**TASK ITEM:** Reproduce all the lines below exactly and omit the images.

**RECORD EXCERPTS:**
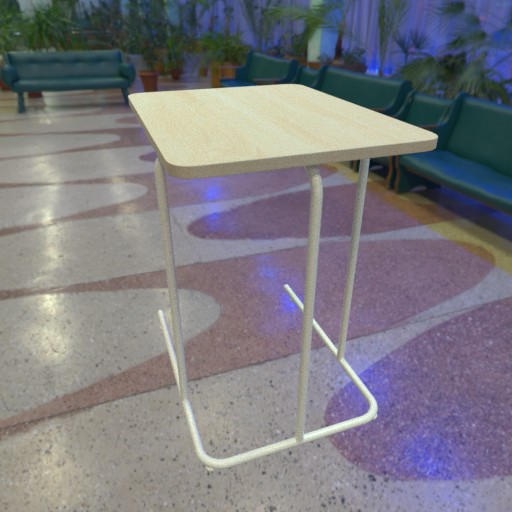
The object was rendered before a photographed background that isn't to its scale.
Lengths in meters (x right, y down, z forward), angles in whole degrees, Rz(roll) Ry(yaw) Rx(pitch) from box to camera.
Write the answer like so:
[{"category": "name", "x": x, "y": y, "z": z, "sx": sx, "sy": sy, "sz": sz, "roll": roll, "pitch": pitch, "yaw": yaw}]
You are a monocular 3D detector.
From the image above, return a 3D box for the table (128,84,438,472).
[{"category": "table", "x": 0.000, "y": 0.000, "z": 0.868, "sx": 0.370, "sy": 0.550, "sz": 0.480, "roll": -10, "pitch": 31, "yaw": -17}]
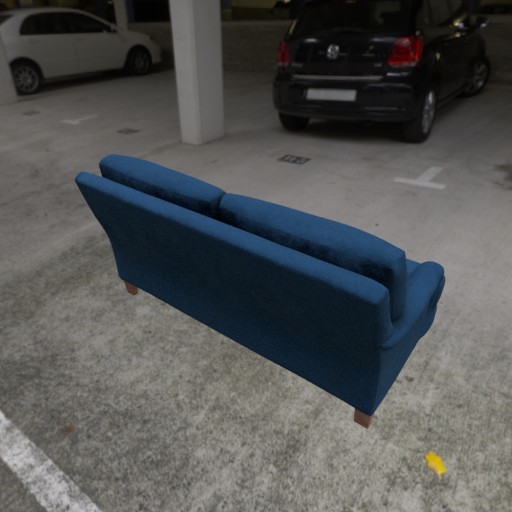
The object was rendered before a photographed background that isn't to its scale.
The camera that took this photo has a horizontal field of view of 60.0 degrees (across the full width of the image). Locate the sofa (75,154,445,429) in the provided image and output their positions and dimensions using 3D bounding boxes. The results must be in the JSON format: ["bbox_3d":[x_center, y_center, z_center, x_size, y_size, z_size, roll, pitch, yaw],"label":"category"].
[{"bbox_3d":[0.000,0.000,2.832,2.141,1.101,1.084,22,38,31],"label":"sofa"}]
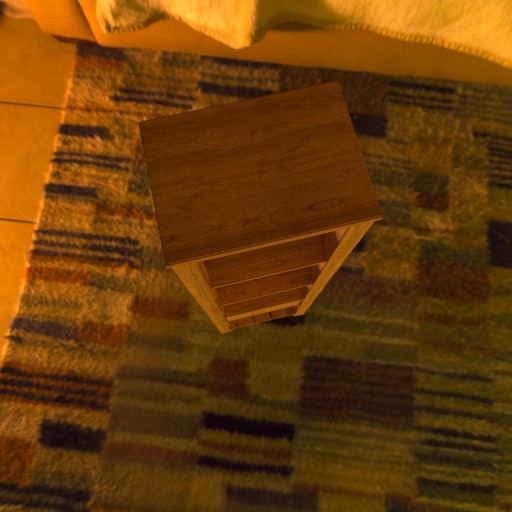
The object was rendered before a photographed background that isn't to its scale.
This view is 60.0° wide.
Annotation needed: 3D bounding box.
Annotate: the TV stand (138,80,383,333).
[{"bbox_3d":[0.000,0.000,2.049,0.565,1.828,0.435,-13,75,-4],"label":"TV stand"}]
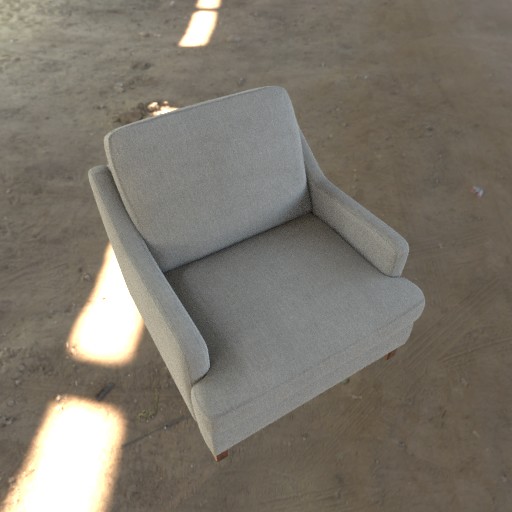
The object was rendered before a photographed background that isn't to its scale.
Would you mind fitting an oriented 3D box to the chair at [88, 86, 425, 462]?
[{"bbox_3d":[0.000,0.000,1.536,0.826,0.821,0.892,-23,50,-21],"label":"chair"}]
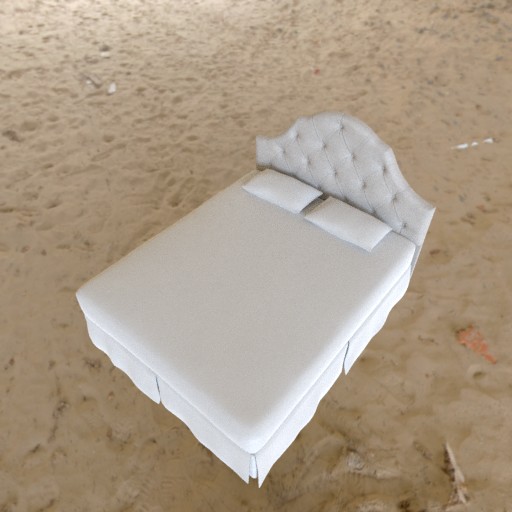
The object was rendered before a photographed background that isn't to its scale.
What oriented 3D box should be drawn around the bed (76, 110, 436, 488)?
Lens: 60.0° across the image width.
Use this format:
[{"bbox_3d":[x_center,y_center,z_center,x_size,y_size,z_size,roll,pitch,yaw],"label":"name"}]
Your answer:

**EXERCISE RESPONSE:**
The object was rendered before a photographed background that isn't to its scale.
Lengths in meters (x right, y down, z forward), angles in whole degrees, Rz(roll) Ry(yaw) Rx(pitch) from box to camera.
Write the answer like so:
[{"category": "name", "x": x, "y": y, "z": z, "sx": sx, "sy": sy, "sz": sz, "roll": roll, "pitch": pitch, "yaw": yaw}]
You are a monocular 3D detector.
From the image above, return a 3D box for the table (128,84,438,472).
[{"category": "table", "x": 0.000, "y": 0.000, "z": 0.868, "sx": 0.370, "sy": 0.550, "sz": 0.480, "roll": -10, "pitch": 31, "yaw": -17}]
The object was rendered before a photographed background that isn't to its scale.
The camera that took this photo has a horizontal field of view of 60.0 degrees (across the full width of the image). Locate the sofa (75,154,445,429) in the provided image and output their positions and dimensions using 3D bounding boxes. The results must be in the JSON format: ["bbox_3d":[x_center, y_center, z_center, x_size, y_size, z_size, roll, pitch, yaw],"label":"category"].
[{"bbox_3d":[0.000,0.000,2.832,2.141,1.101,1.084,22,38,31],"label":"sofa"}]
The object was rendered before a photographed background that isn't to its scale.
This view is 60.0° wide.
Annotation needed: 3D bounding box.
Annotate: the TV stand (138,80,383,333).
[{"bbox_3d":[0.000,0.000,2.049,0.565,1.828,0.435,-13,75,-4],"label":"TV stand"}]
The object was rendered before a photographed background that isn't to its scale.
Would you mind fitting an oriented 3D box to the chair at [88, 86, 425, 462]?
[{"bbox_3d":[0.000,0.000,1.536,0.826,0.821,0.892,-23,50,-21],"label":"chair"}]
The object was rendered before a photographed background that isn't to its scale.
What oriented 3D box should be drawn around the bed (76, 110, 436, 488)?
Lens: 60.0° across the image width.
Use this format:
[{"bbox_3d":[x_center,y_center,z_center,x_size,y_size,z_size,roll,pitch,yaw],"label":"name"}]
Your answer:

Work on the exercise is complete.